Мальчик посадит цветок,
Солнце взойдет.
Цветок расцветет…
Мальчика уже не будет.

В какой печи сожгли восьмилетнего поэта? Или его подбросили в воздух и ударили с лету, как консервную банку? У меня нет детей. У меня нет собственных детей. Но все дети мира — они мои. Я не знаю, что мне сделать, чтобы спасти детей. Я не могу положить их с собой всех, обнять их и закрыть своим телом. Потому что дети должны жить, они должны радоваться. У них есть враги, это чудовищно, но это так. Но у них есть и друзья, и я один из них. И я должен ежедневно доставлять радость детям. Смех — это радость. Я даю его двумя руками. Карманы моих клоунских штанов набиты смехом. Я выхожу на утренник, я иду в манеж, как идут на пост. Ни одного дня без работы для детей. Ни одного ребенка без радости, это понимаю не только я. Слушайте, люди, кто чем может — заслоняйте детей. Спешите приносить радость детям, друзья мои, спешите работать на утренниках!

Я встал. Борис и Жек поднялись вслед за мной.

7

Небо было холодное и зеленое, в него неразборчиво понатыканы были мелкие-мелкие, пронзительно блестевшие звезды. Они были отодвинуты в страшную недосягаемую даль. Только над высотным зданием висела одинокая крупная зеленая звезда, она казалась размытой и призрачной, и несмотря на то что на дворе было нехолодно, свет этой звезды заставил меня поднять воротник.

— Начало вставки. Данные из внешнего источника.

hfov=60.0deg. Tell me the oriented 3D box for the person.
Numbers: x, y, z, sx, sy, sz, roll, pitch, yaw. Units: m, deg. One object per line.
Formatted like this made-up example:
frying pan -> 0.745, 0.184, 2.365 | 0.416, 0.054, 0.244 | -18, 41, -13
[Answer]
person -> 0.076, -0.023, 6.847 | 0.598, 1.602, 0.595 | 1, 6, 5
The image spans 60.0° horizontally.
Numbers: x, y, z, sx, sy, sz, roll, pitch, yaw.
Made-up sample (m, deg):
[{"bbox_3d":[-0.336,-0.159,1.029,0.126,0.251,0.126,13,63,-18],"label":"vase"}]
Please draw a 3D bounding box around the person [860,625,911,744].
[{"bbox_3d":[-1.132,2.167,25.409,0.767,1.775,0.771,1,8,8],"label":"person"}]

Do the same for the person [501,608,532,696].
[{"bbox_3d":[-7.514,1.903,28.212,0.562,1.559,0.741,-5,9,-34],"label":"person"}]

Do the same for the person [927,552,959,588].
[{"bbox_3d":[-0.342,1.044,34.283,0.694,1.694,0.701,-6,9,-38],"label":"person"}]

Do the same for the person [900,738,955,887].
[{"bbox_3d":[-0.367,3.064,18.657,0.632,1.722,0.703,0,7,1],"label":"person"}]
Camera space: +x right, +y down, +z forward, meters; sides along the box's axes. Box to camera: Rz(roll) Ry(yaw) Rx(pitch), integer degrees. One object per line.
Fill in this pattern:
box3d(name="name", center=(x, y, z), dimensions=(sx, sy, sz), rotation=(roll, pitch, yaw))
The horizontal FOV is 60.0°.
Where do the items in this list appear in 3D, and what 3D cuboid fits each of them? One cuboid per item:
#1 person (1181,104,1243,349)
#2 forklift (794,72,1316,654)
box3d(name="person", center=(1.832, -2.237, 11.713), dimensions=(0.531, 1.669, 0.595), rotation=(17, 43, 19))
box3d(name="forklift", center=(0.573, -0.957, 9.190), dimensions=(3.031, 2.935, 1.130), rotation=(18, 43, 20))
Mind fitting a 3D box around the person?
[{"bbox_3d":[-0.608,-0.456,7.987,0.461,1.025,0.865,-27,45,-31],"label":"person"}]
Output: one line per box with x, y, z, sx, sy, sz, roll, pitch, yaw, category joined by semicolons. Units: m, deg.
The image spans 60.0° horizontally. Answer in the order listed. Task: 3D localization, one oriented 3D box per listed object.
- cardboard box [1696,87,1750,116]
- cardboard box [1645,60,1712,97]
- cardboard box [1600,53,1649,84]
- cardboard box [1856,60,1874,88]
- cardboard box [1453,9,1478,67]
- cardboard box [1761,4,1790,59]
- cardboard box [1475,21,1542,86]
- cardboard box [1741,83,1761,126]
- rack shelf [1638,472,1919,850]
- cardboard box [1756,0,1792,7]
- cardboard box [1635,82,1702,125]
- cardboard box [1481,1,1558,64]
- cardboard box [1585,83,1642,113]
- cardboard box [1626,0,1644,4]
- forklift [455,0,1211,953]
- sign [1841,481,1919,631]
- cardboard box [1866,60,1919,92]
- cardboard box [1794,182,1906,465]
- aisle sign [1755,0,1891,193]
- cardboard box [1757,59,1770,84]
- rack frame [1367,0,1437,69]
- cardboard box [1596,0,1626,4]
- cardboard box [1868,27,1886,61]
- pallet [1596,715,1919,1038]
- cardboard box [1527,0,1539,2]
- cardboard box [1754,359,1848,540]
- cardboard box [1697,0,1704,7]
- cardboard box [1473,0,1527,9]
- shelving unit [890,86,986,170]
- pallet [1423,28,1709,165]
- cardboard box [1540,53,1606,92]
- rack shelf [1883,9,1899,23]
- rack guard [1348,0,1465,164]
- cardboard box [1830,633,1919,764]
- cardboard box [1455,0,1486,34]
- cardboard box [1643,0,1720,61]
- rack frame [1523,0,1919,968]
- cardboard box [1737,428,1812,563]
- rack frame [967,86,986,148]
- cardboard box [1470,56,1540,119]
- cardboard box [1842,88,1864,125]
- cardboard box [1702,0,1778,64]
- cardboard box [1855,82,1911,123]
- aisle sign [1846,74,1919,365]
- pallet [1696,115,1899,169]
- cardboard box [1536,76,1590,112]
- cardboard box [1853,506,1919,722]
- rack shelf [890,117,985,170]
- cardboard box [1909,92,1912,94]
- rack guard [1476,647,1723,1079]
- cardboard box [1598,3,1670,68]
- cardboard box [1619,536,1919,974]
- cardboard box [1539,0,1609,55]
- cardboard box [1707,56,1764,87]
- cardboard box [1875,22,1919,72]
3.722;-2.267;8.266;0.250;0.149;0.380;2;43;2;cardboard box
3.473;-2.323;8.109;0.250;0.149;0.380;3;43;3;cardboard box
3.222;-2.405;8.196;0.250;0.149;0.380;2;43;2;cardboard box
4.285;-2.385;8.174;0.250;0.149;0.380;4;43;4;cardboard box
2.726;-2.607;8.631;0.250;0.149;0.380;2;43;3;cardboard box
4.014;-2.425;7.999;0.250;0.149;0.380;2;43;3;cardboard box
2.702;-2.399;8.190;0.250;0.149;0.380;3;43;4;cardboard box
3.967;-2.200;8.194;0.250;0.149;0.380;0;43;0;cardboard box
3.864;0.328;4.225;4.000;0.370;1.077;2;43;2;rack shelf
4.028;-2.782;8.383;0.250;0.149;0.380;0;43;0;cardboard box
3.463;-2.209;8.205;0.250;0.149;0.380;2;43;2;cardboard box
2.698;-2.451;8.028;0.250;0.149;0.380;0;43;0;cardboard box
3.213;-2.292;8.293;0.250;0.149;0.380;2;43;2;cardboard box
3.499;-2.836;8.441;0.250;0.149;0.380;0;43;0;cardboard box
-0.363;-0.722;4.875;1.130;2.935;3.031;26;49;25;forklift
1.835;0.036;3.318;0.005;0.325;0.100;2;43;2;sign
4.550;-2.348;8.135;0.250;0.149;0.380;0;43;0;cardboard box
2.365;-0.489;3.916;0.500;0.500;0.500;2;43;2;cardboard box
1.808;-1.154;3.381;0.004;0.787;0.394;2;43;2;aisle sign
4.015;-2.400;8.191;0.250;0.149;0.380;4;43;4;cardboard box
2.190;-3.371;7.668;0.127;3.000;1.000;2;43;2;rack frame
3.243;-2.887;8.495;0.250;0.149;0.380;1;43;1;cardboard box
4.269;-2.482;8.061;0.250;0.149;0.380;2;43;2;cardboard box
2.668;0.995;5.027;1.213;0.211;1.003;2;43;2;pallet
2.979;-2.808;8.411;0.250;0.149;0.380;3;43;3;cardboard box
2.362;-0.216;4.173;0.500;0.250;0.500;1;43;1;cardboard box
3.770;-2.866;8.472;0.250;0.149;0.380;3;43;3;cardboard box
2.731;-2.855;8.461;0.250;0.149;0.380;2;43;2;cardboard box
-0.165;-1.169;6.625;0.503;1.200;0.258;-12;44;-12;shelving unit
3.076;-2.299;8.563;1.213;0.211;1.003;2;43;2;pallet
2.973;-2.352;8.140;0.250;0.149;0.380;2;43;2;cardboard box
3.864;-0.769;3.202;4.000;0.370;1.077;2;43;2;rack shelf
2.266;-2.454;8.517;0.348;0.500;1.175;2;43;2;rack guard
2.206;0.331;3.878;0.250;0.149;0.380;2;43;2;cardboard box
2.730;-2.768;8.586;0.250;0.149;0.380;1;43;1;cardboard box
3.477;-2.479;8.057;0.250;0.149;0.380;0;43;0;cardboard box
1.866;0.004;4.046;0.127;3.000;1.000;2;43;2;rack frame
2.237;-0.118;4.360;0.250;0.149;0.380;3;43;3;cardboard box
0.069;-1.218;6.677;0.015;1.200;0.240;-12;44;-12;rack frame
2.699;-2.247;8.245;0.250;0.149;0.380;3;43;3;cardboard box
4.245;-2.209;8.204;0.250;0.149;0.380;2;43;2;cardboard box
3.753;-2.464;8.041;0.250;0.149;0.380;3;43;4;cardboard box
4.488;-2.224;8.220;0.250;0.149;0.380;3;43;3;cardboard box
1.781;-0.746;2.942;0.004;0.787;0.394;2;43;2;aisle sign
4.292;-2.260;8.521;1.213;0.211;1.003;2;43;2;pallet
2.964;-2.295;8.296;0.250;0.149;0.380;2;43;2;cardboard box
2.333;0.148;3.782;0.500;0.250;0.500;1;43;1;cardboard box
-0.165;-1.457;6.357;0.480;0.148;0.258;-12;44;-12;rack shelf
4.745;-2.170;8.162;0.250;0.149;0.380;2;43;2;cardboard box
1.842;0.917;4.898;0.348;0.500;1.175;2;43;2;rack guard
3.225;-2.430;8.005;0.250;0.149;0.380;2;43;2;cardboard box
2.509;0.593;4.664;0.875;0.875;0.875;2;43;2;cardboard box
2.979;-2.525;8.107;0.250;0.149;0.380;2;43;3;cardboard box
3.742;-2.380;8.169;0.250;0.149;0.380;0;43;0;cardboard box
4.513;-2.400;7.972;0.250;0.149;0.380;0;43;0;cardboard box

Мы вышли к площади и стали поджидать такси. Все молчали. Кровь еще кипела в моей голове, и поздние сожаления точили душу. Зря я так разгорячился, зачем, не надо было, они, наверно, сейчас смеются надо мной, только виду не показывают, не хотят обидеть. Нет, им не вера моя смешна, не суть, не основа, а просто мы, взрослые и здоровенные, и все, что было сказано, не нужно было говорить. Это все чувствуют и знают, с этим живут, каждый день носят с собой на работу, в трамвай, в магазин, и говорить об этом не надо. За коньяком, в ресторане, — ах, черт меня разорви совсем!